Thursday, October 9, 2008

And The Nobel Goes To . . .


French novelist Jean-Marie Gustave Le Clézio.

What do you think?

I have no opinion, because I've never read anything he has written. I suppose that's because my reading habits are too isolated and insular.

Wev.

9 comments:

Unknown said...

And maybe because very little of his work is available here. I don't think he has been featured in Oprah's book club.

Bitty said...

I left my glasses at home and am squinting through my day.

I thought Kevin Bacon just won the Nobel.

Although he was cruel to my beloved Carl Sandburg (and I heard TWO public radio putdowns of Sandburg this week!), Garrison Keillor otherwise did a great smackdown on Nobel's taste in literature on last weekend's Prairie Home Companion.

Any uncorrected typos are the fault of my temporary semi-blindness.

Comrade Kevin said...

We cater to the lowest common denominator, that is true. What is probably truer is that in this country for ever good writer, there are a thousand hacks.

And there are many writers who Nobel wishes to deify whose literary reputation dates quickly and after a time are simply never read anymore.

Brave Sir Robin said...

Seventh sister - And maybe because very little of his work is available here. I don't think he has been featured in Oprah's book club.
LOL! nice, very nice.

btw - I was trying for snark. I thought it was highly inappropriate for a member of the comitte to make those comments.

Lest we forget, Joyce, Proust, and Nabokov never won one either. (Or Vonnegut, or Updike, or Salinger . . .

Bitty - I LOVE Sandburg.

Bee said...

Radio 4 did a program on the Lit Nobel this morning . . . and since no one seemed to know much about this author, they spent most of the time discussing the controversial comments about the provincial Americans. Apparently, "we" mostly write about the experience of what it means to be an American because we live in a "new" country; and therefore, our literature isn't universal. I think that was the thesis. One of the commentators considered that, actually, Philip Roth deserved the award . . . but that it was a "misery" to sit with him at a dinner party. As you say, wev.

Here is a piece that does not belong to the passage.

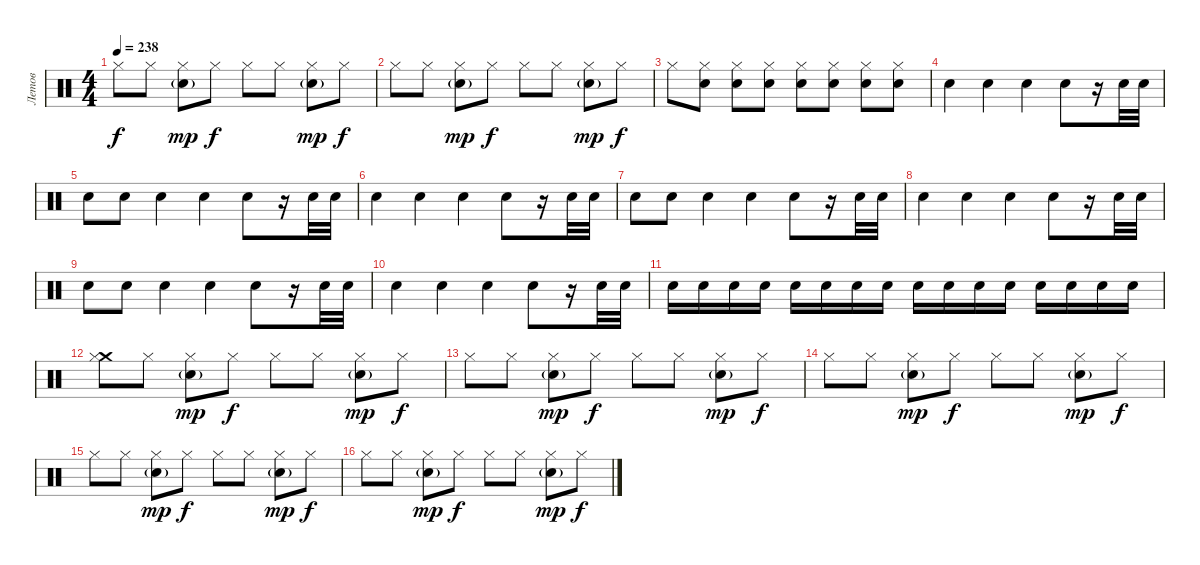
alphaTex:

The English are provincial, too; they haven't heard of the French guy either.

Brave Sir Robin said...

Bee -

I totally forgot to put Roth in my list of overlooked authors.

Robin said...

Bee and BSR--

Yeah, you two are sooooo insular. (rolls eyes and winks at you both)

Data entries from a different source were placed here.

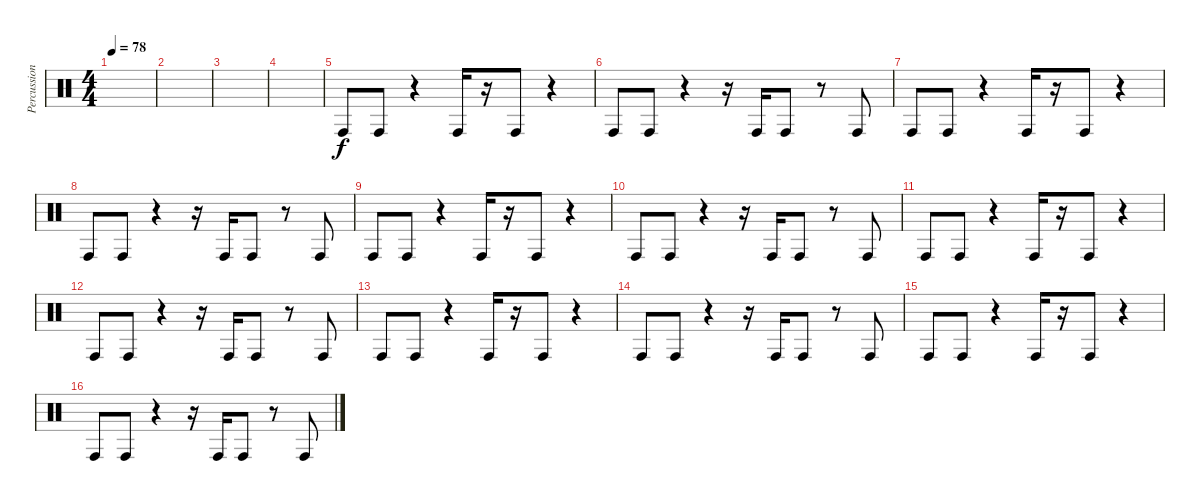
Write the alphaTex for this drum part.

\track ("Percussion" "Percussion") {instrument percussion}
\staff {score}
\articulation defaults
\ts (4 4)
\tempo 78
\clef neutral
\ks c
|
|
|
|
"Conga high (hit)".8 "Conga high (hit)".8 r.4 "Conga high (hit)".16 r.16 "Conga high (hit)".8 r.4 |
"Conga high (hit)".8 "Conga high (hit)".8 r.4 r.16 "Conga high (hit)".16 "Conga high (hit)".8 r.8 "Conga high (hit)".8 |
"Conga high (hit)".8 "Conga high (hit)".8 r.4 "Conga high (hit)".16 r.16 "Conga high (hit)".8 r.4 |
"Conga high (hit)".8 "Conga high (hit)".8 r.4 r.16 "Conga high (hit)".16 "Conga high (hit)".8 r.8 "Conga high (hit)".8 |
"Conga high (hit)".8 "Conga high (hit)".8 r.4 "Conga high (hit)".16 r.16 "Conga high (hit)".8 r.4 |
"Conga high (hit)".8 "Conga high (hit)".8 r.4 r.16 "Conga high (hit)".16 "Conga high (hit)".8 r.8 "Conga high (hit)".8 |
"Conga high (hit)".8 "Conga high (hit)".8 r.4 "Conga high (hit)".16 r.16 "Conga high (hit)".8 r.4 |
"Conga high (hit)".8 "Conga high (hit)".8 r.4 r.16 "Conga high (hit)".16 "Conga high (hit)".8 r.8 "Conga high (hit)".8 |
"Conga high (hit)".8 "Conga high (hit)".8 r.4 "Conga high (hit)".16 r.16 "Conga high (hit)".8 r.4 |
"Conga high (hit)".8 "Conga high (hit)".8 r.4 r.16 "Conga high (hit)".16 "Conga high (hit)".8 r.8 "Conga high (hit)".8 |
"Conga high (hit)".8 "Conga high (hit)".8 r.4 "Conga high (hit)".16 r.16 "Conga high (hit)".8 r.4 |
"Conga high (hit)".8 "Conga high (hit)".8 r.4 r.16 "Conga high (hit)".16 "Conga high (hit)".8 r.8 "Conga high (hit)".8

I'd heard the opinion expressed on the radio about us "Yanks" and I actually agree with it. I don't think our literature reflects that as much as it used to (think Mark Twain, Thoreau, Ralph Waldo Emerson and Upton Sinclair). But our national need for instant gratification and our general short-term reactions without considering long-term consequences is youthful. The US is a teenager compared to many nations, and it acts that way sometimes. I'm speaking in broad general terms, of course, but I'm thinking mainly of our political system.

Oh, and Bitty, I agree, he looks just like Kevin Bacon.

Brave Sir Robin said...

I think he looks like Peter Fonda

Unknown said...

Whoever he looks like, I think he's hot.